Attendees are bringing their mobile devices into the meeting rooms and using them! Participants are tweeting event content, posting photos to Instagram, taking pictures of slides, fact-checking, and taking notes. However, these mobile screens are also distraction temptations and are often used for non-meeting related tasks. The siren call of these glowing screens is hard to resist, especially if the presenter is not engaging or the material presented is boring -- or both!



Meeting hosts, meeting planners and speakers should be asking what can be done to keep participants’ attention. The obvious answer is to provide compelling content and excellent speakers -- it should be the speaker’s responsibility to keep the audience engaged!



In addition, however, there are new technologies that use participants’ mobile devices to help them focus on the presentation rather than distracting them away for other things.



Second Screen Technology

Second screen technology refers to the use of a mobile device to provide an enhanced viewing experience for other content usually with interactive features.
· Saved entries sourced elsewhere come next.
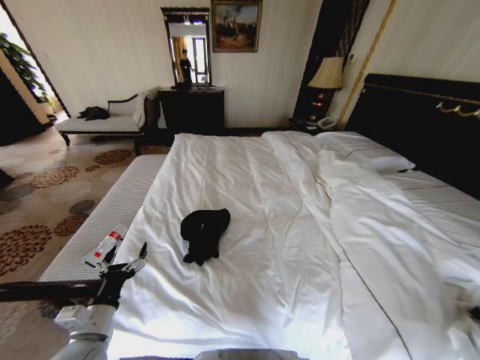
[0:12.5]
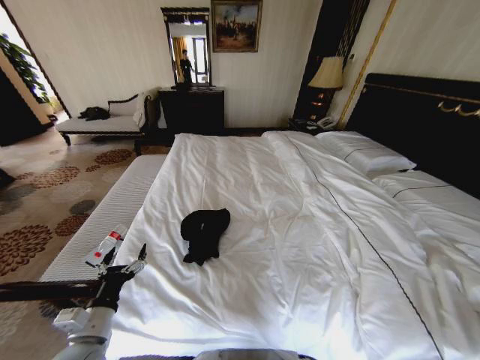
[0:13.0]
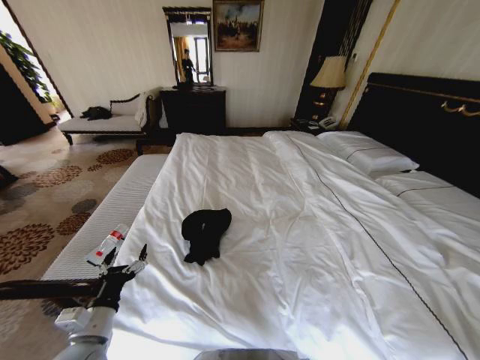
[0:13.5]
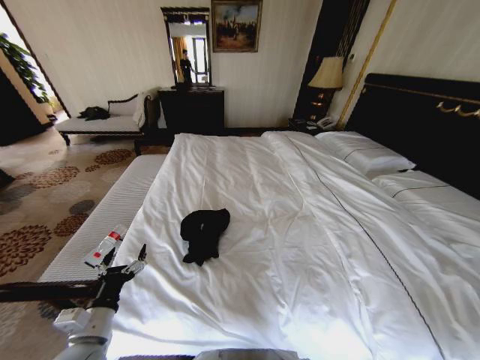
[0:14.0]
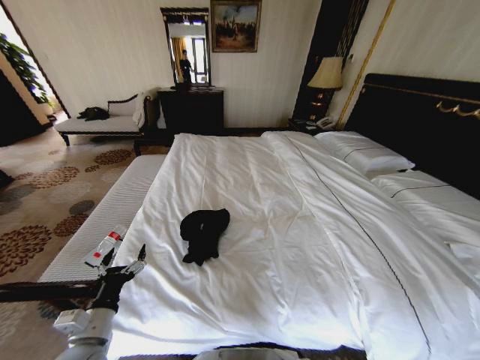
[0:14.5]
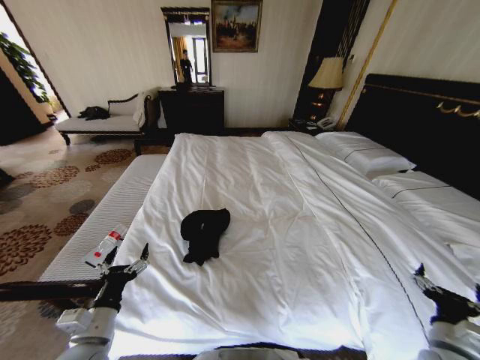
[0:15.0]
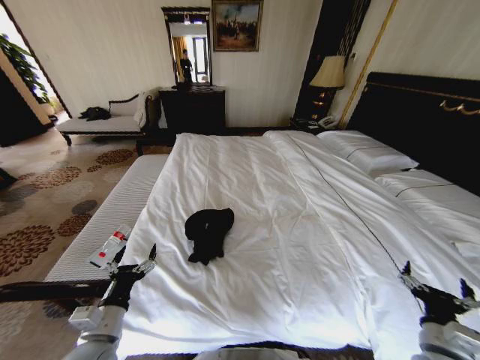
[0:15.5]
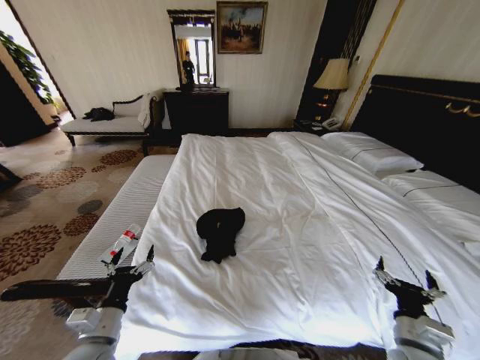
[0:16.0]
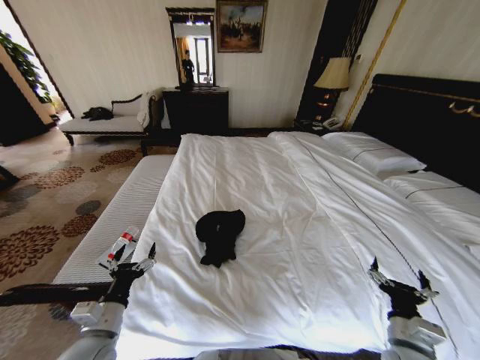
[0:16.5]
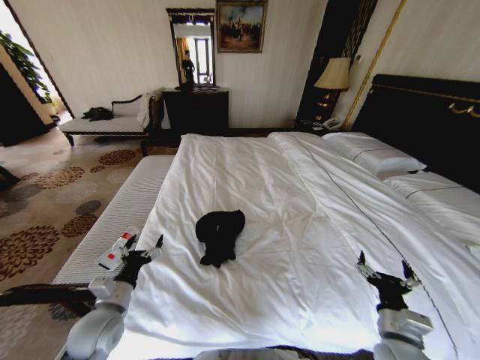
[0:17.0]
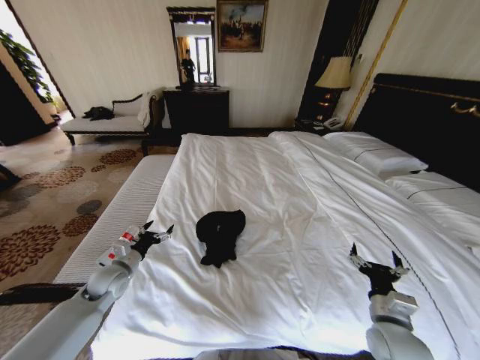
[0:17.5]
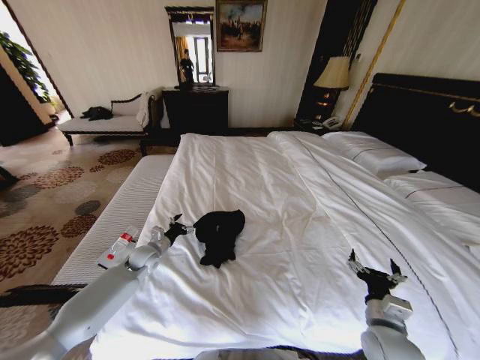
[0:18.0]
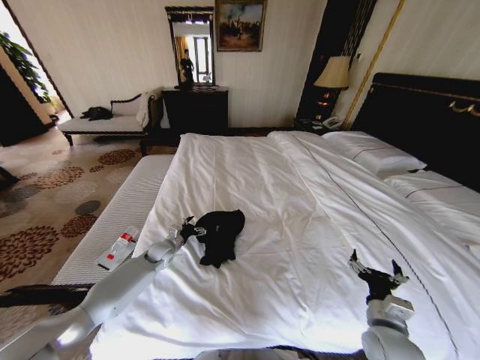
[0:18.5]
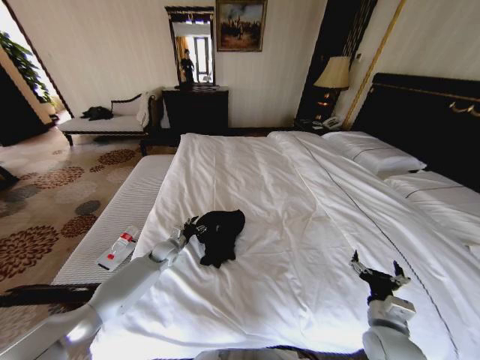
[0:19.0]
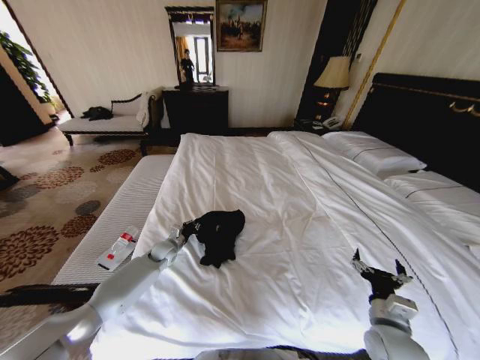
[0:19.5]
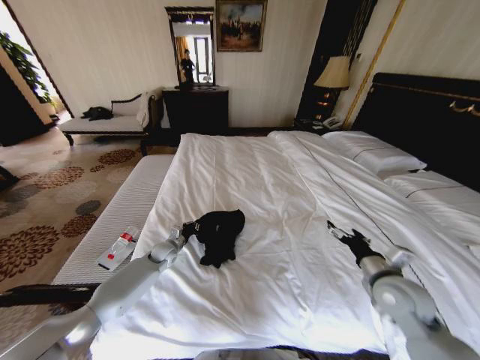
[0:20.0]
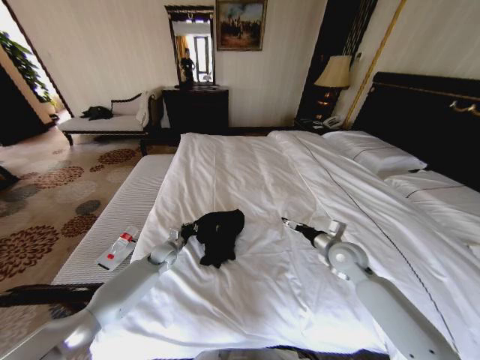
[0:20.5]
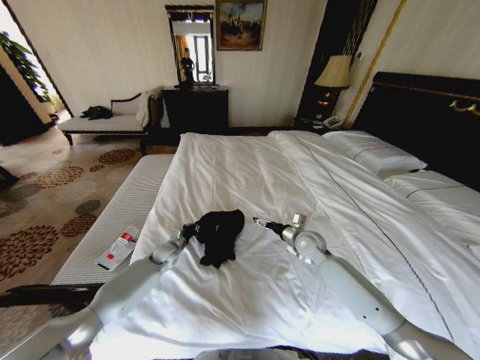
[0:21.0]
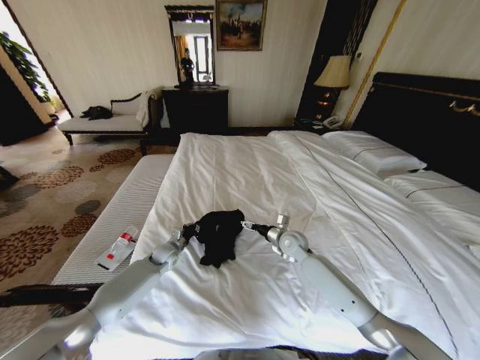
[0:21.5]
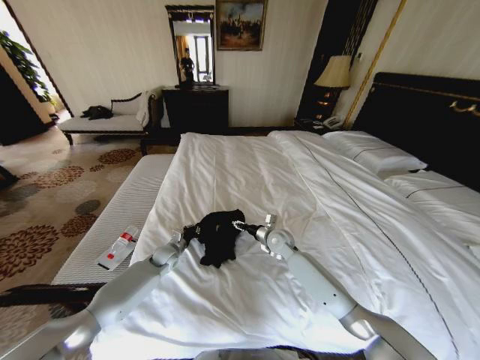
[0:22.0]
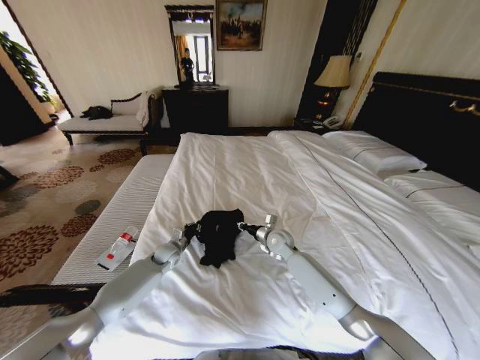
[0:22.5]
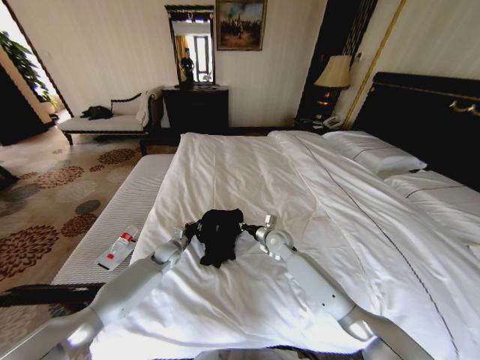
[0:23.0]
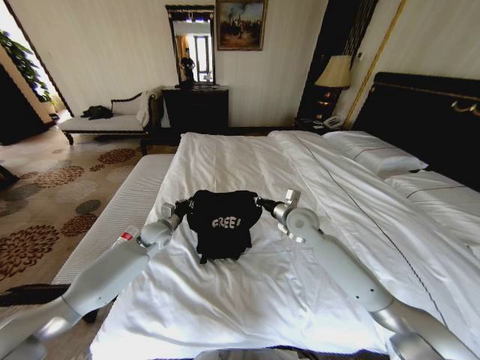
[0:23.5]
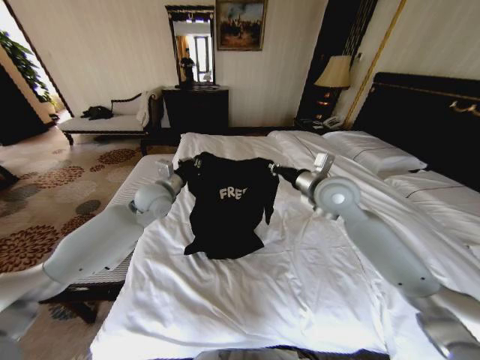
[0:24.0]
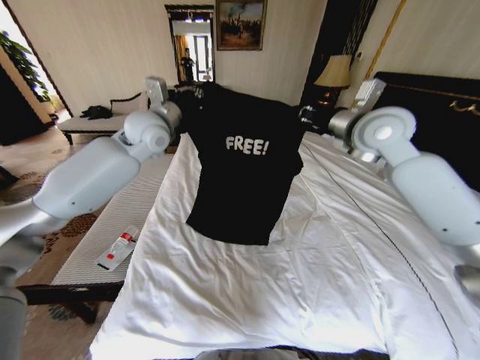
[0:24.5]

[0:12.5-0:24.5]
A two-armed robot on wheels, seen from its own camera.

This is seen most often on television, but increasingly so at events. Presenter content, such as slides, polling, video, notes, social media links, can be pushed to any device in real-time during a presentation.



There are a number of interesting second screen event tools. Here is a sampling:



Lintelus (formerly NiceMeeting)

Lintelus allows a speaker to send slides to every mobile device in the meeting room. Participants can take notes digitally while viewing the presenter’s slides and can save the notes for later review and/or reporting. There are also integrated live polling capabilities with the results appearing on the screen and on the mobile devices. Participants can also use the system to ask questions, to chat and to tweet. In short, the mobile devices in the room are used to engage and focus the participants on the content, rather than distracting them from it.



This system is web-based requiring either internet access or a local wireless network. It can be run directly from PowerPoint and requires no app to download.



Pricing:

Fees range from a few hundred to a few thousand dollars depending upon the size of the event, number of sessions, if a moderator is requested and if staffing is needed to provide an internet appliance which secures information and provides Wi-Fi stability.



FXP | touch

Provided by www.klowd.com and rebranded and distributed for meetings by Freeman.



Similar to Lintelus, this product also allows presenters to share their slides to anyone with mobile device with web access (including remote audiences). Participants can respond to poll questions, ask questions through the system and amplify the social media impact by posting comments and sharing the presentation to Twitter, Facebook and other channels. One of the strengths of FXP | touch is the analytic capabilities that measure real-time participant engagement, focus, and all activities when using the system. The name and email address of attendees are recorded, as well as the exact moment they joined. The FXP Touch platform also calculates an overall score for each presentation based on attendance interaction and engagement.



Pricing:

Fees start at $15,000/event and are based on the number of presentations and users.



Evenium ConnexMe

ConnexMe has similar features to the above products including web-based slide distribution, digital note taking on the slides, live sharing of the slides, audience response polling, live questions. This is part of an event app which includes agendas, push notifications, private messaging to other attendees, session evaluations and event analytics.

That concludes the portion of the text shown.